Как-то довелось читать, что мать Саввы Морозова, при всей её деловой хватке, не позволяла до конца жизни провести в дом электричество, сын уже сам после расстарался… А ведь речь шла о «светских» староверах. Что уж говорить об отшельниках, которые деградировали от кровосмешения, но запрещали себе вступать в браки с пришлыми, даже одной веры?
У меня реально начала ехать крыша от такого режима. Дошло до того, что стал по ночам вскакивать от кошмаров. Однажды хватило дурости признаться в том Онуфрию, так он мне зарядил что-то вроде епитимьи – сто раз «Отче наш», да с поклонами и крестными знамениями. А из меня такой православный, честно сказать… Никакой, словом. Хорошо хоть здесь несколько самых расхожих молитв выучил. Впрочем, подобная молитвенная медитация помогла: на какое-то время плохие сны перестали навещать.
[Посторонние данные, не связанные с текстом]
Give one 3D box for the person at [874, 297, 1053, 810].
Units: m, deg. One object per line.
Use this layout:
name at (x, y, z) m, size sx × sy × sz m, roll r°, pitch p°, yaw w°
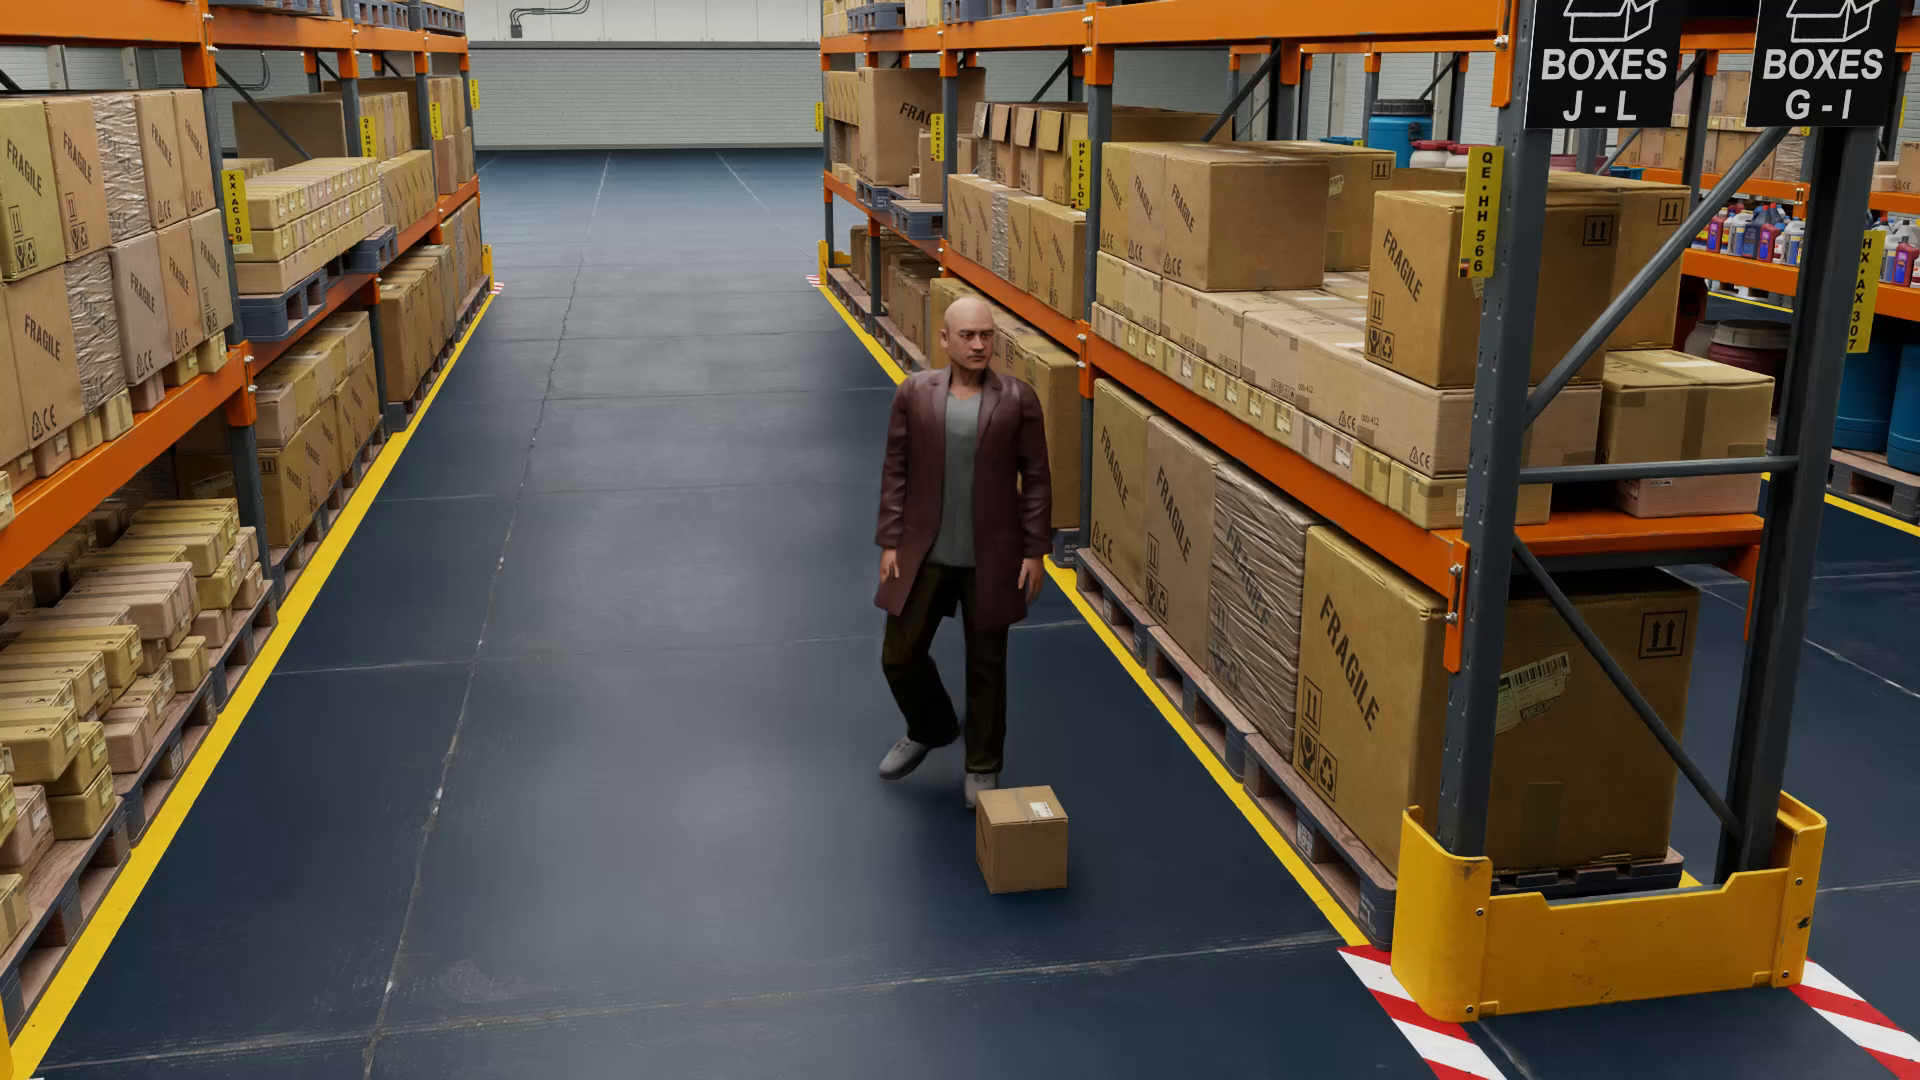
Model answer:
person at (0.009, 0.049, 5.809) m, size 0.628 × 1.781 × 0.476 m, roll 2°, pitch 16°, yaw 5°

Даже Ефима проняло такое житьё-бытьё, в чём он мне однажды признался. Мол, и жена покойница чаще сниться стала, и родные места – Тульская губерния. Из чего он сделал вывод, что задерживаться здесь мы не будем точно.
Впрочем, я нашёл временный выход из безвыходного положения: попросил Онуфрия обучить Ефима грамоте и Слову Божию. Понятно, что инициатива была встречена не слишком благосклонно, но старец всё же оценил стремление «единоверца» к свету истинной веры. Понятно, что обучение происходило по книгам, грамматика которых устарела ещё во времена первопечатника Ивана Фёдорова. Я, кстати, в первый же день реально офигел, увидев в часовне толстенные тома в деревянных переплётах с амбарными петлями. Небось, они ещё и рукописные. Вот это раритеты, в моё время музеи или коллекционеры за них миллионы готовы были бы отвалить. Но уж лучше такая грамота, чем никакой. Да и я временами присоседивался – дескать, послушать, как великовозрастный ученик «аз буки веди» заучивает – а сам реально мотал на ус. Хоть грамота и допетровская, но и мне не вредно будет поучиться.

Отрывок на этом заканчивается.